** GOAL OF THE EXERCISE **
Below are the records; give again exactly the line with "text Artikelsgewijze toelichting", the line with "text • de eigenaren van ongebouwde", and each line that lies between them, and nothing besides.

Stored data
━━━━

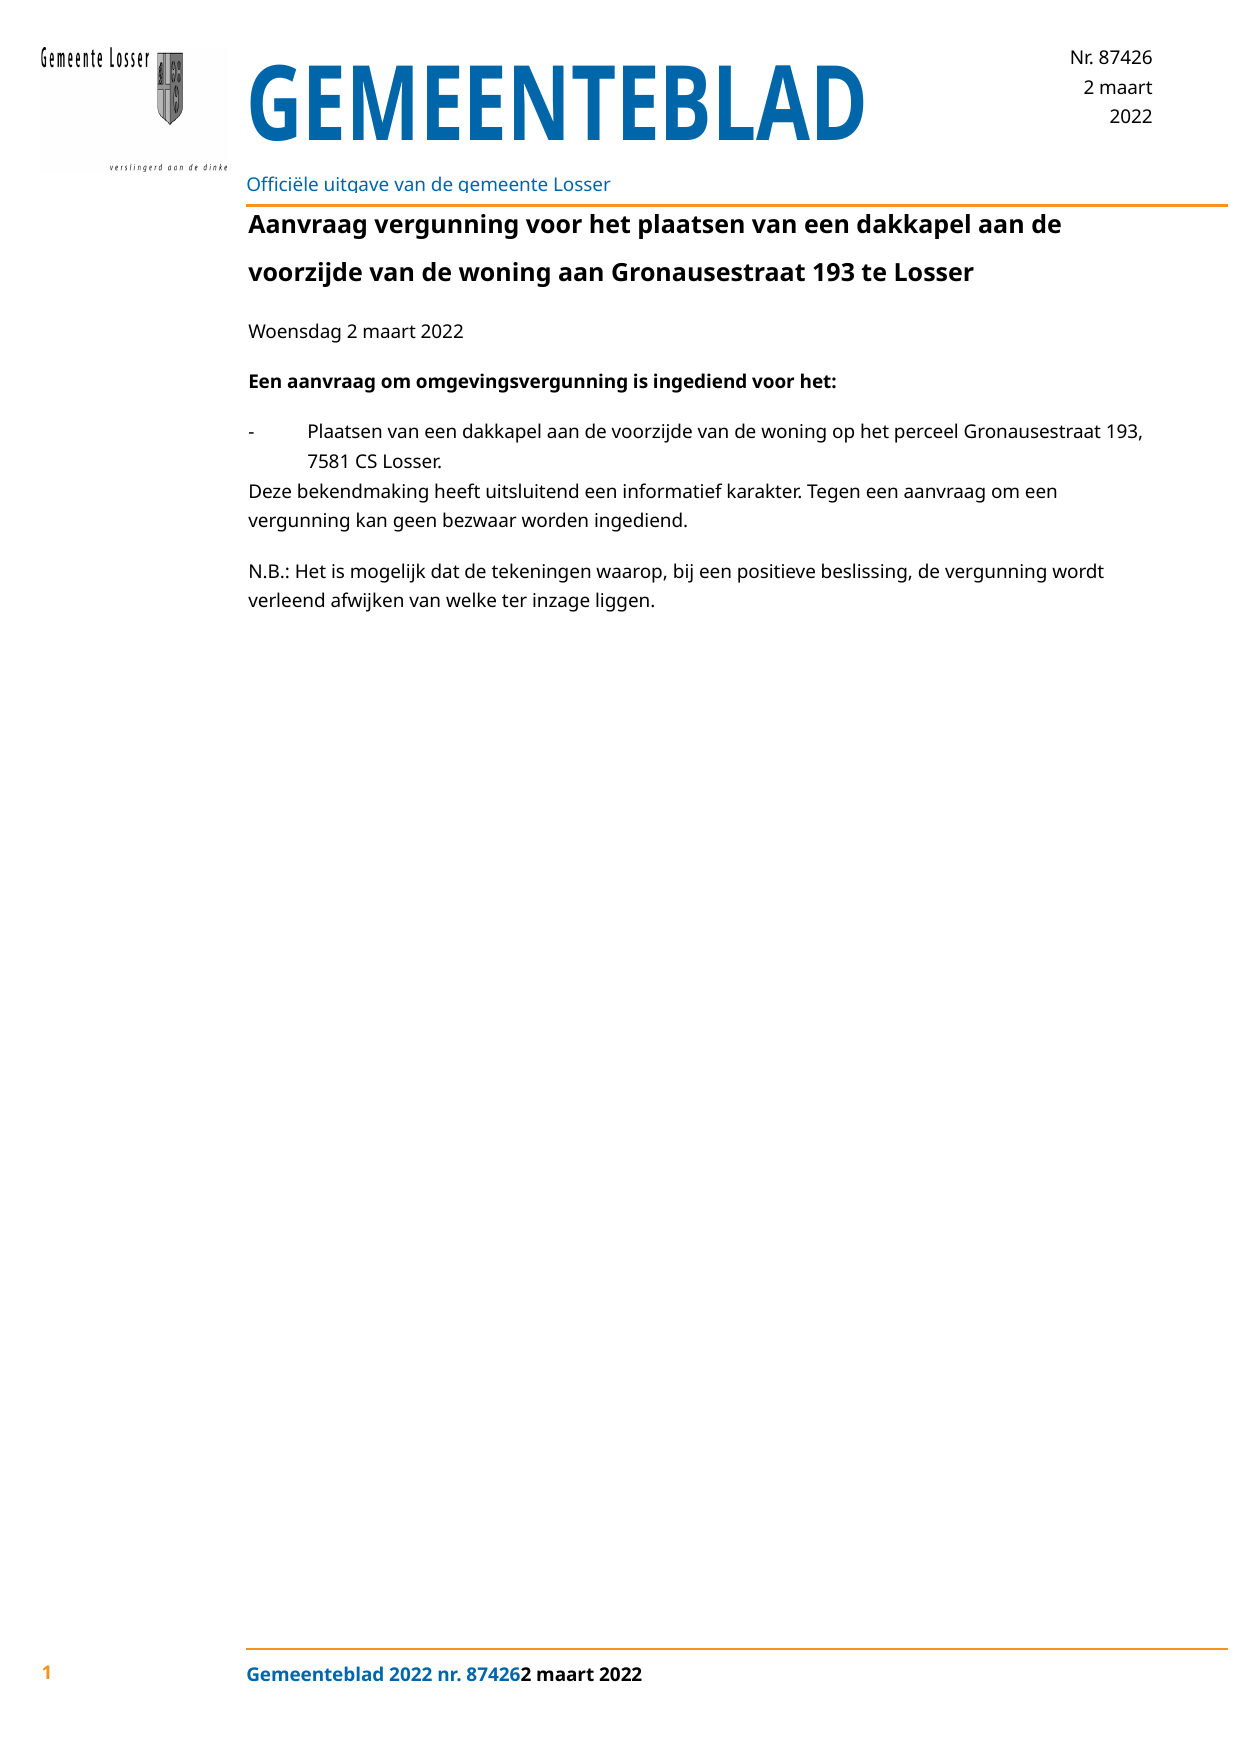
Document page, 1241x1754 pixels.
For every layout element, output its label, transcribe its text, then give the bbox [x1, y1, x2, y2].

list Plaatsen van een dakkapel aan de voorzijde van de woning op het perceel Gronausestraat 193, 7581 CS Losser. [248, 419, 1152, 474]
picture [41, 47, 231, 172]
text Woensdag 2 maart 2022 [248, 318, 1152, 344]
text Aanvraag vergunning voor het plaatsen van een dakkapel aan de voorzijde van de woning aan Gronausestraat 193 te Losser [248, 207, 1152, 288]
text Deze bekendmaking heeft uitsluitend een informatief karakter. Tegen een aanvraag om een vergunning kan geen bezwaar worden ingediend. [248, 478, 1152, 533]
text Een aanvraag om omgevingsvergunning is ingediend voor het: [248, 368, 1152, 394]
text N.B.: Het is mogelijk dat de tekeningen waarop, bij een positieve beslissing, de vergunning wordt verleend afwijken van welke ter inzage liggen. [248, 558, 1152, 613]
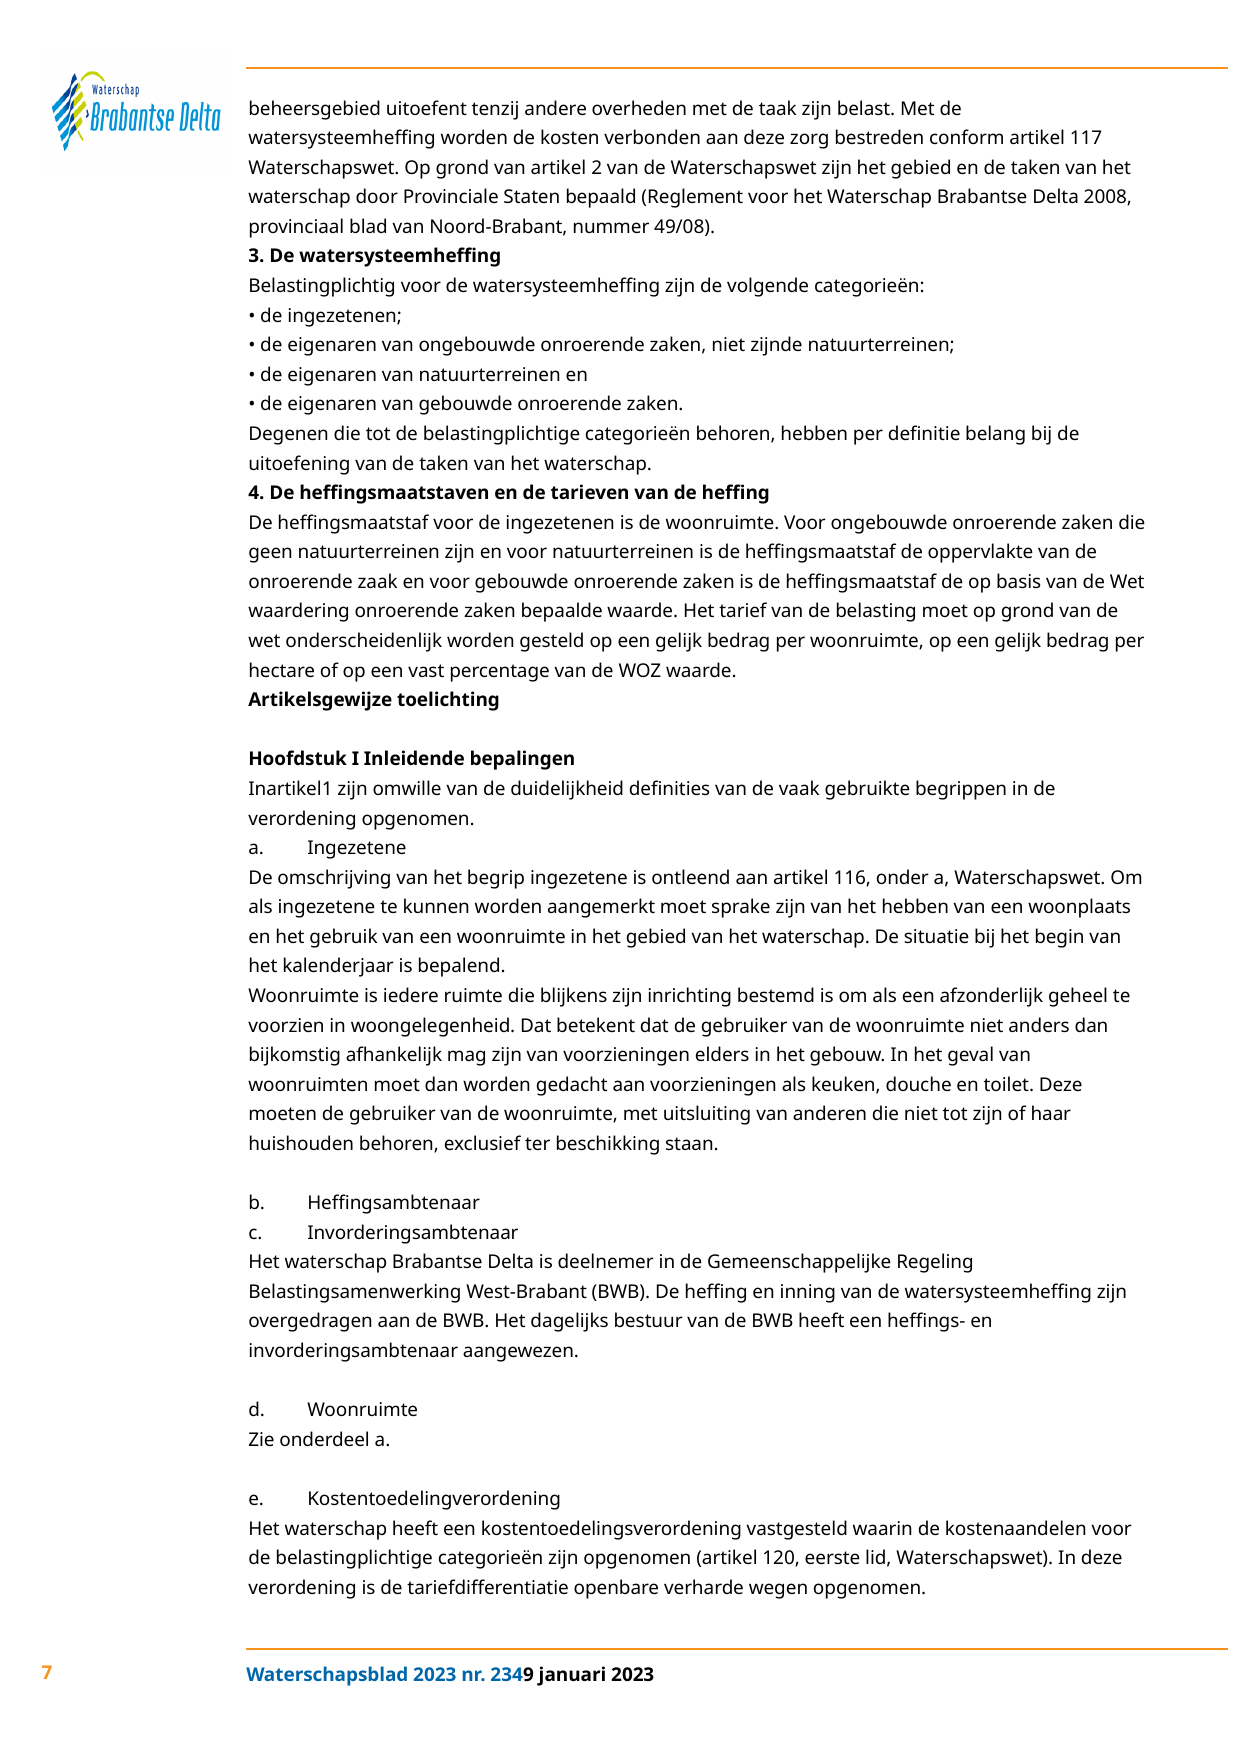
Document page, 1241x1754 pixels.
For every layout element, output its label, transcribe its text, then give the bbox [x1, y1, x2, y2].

text • de ingezetenen; [248, 302, 1152, 328]
text Artikelsgewijze toelichting [248, 686, 1152, 712]
list Kostentoedelingverordening [248, 1485, 1152, 1511]
picture [41, 47, 231, 172]
text 4. De heffingsmaatstaven en de tarieven van de heffing [248, 479, 1152, 505]
text Hoofdstuk I Inleidende bepalingen [248, 746, 1152, 771]
list Woonruimte [248, 1396, 1152, 1422]
list Invorderingsambtenaar [248, 1219, 1152, 1245]
list Heffingsambtenaar [248, 1189, 1152, 1215]
text • de eigenaren van ongebouwde onroerende zaken, niet zijnde natuurterreinen; [248, 331, 1152, 357]
text De heffingsmaatstaf voor de ingezetenen is de woonruimte. Voor ongebouwde onroerende zaken die geen natuurterreinen zijn en voor natuurterreinen is de heffingsmaatstaf de oppervlakte van de onroerende zaak en voor gebouwde onroerende zaken is de heffingsmaatstaf de op basis van de Wet waardering onroerende zaken bepaalde waarde. Het tarief van de belasting moet op grond van de wet onderscheidenlijk worden gesteld op een gelijk bedrag per woonruimte, op een gelijk bedrag per hectare of op een vast percentage van de WOZ waarde. [248, 509, 1152, 683]
text • de eigenaren van gebouwde onroerende zaken. [248, 391, 1152, 416]
text Het waterschap Brabantse Delta is deelnemer in de Gemeenschappelijke Regeling Belastingsamenwerking West-Brabant (BWB). De heffing en inning van de watersysteemheffing zijn overgedragen aan de BWB. Het dagelijks bestuur van de BWB heeft een heffings- en invorderingsambtenaar aangewezen. [248, 1248, 1152, 1363]
text Zie onderdeel a. [248, 1426, 1152, 1452]
text Het waterschap heeft een kostentoedelingsverordening vastgesteld waarin de kostenaandelen voor de belastingplichtige categorieën zijn opgenomen (artikel 120, eerste lid, Waterschapswet). In deze verordening is de tariefdifferentiatie openbare verharde wegen opgenomen. [248, 1515, 1152, 1600]
text 3. De watersysteemheffing [248, 243, 1152, 268]
text Woonruimte is iedere ruimte die blijkens zijn inrichting bestemd is om als een afzonderlijk geheel te voorzien in woongelegenheid. Dat betekent dat de gebruiker van de woonruimte niet anders dan bijkomstig afhankelijk mag zijn van voorzieningen elders in het gebouw. In het geval van woonruimten moet dan worden gedacht aan voorzieningen als keuken, douche en toilet. Deze moeten de gebruiker van de woonruimte, met uitsluiting van anderen die niet tot zijn of haar huishouden behoren, exclusief ter beschikking staan. [248, 982, 1152, 1156]
text Inartikel1 zijn omwille van de duidelijkheid definities van de vaak gebruikte begrippen in de verordening opgenomen. [248, 775, 1152, 831]
text Belastingplichtig voor de watersysteemheffing zijn de volgende categorieën: [248, 272, 1152, 298]
text • de eigenaren van natuurterreinen en [248, 361, 1152, 387]
text De omschrijving van het begrip ingezetene is ontleend aan artikel 116, onder a, Waterschapswet. Om als ingezetene te kunnen worden aangemerkt moet sprake zijn van het hebben van een woonplaats en het gebruik van een woonruimte in het gebied van het waterschap. De situatie bij het begin van het kalenderjaar is bepalend. [248, 864, 1152, 978]
list Ingezetene [248, 834, 1152, 860]
text beheersgebied uitoefent tenzij andere overheden met de taak zijn belast. Met de watersysteemheffing worden de kosten verbonden aan deze zorg bestreden conform artikel 117 Waterschapswet. Op grond van artikel 2 van de Waterschapswet zijn het gebied en de taken van het waterschap door Provinciale Staten bepaald (Reglement voor het Waterschap Brabantse Delta 2008, provinciaal blad van Noord-Brabant, nummer 49/08). [248, 95, 1152, 239]
text Degenen die tot de belastingplichtige categorieën behoren, hebben per definitie belang bij de uitoefening van de taken van het waterschap. [248, 420, 1152, 476]

━━━━

** EXERCISE RESPONSE **
text Artikelsgewijze toelichting [248, 686, 1152, 712]
list Kostentoedelingverordening [248, 1485, 1152, 1511]
picture [41, 47, 231, 172]
text 4. De heffingsmaatstaven en de tarieven van de heffing [248, 479, 1152, 505]
text Hoofdstuk I Inleidende bepalingen [248, 746, 1152, 771]
list Woonruimte [248, 1396, 1152, 1422]
list Invorderingsambtenaar [248, 1219, 1152, 1245]
list Heffingsambtenaar [248, 1189, 1152, 1215]
text • de eigenaren van ongebouwde onroerende zaken, niet zijnde natuurterreinen; [248, 331, 1152, 357]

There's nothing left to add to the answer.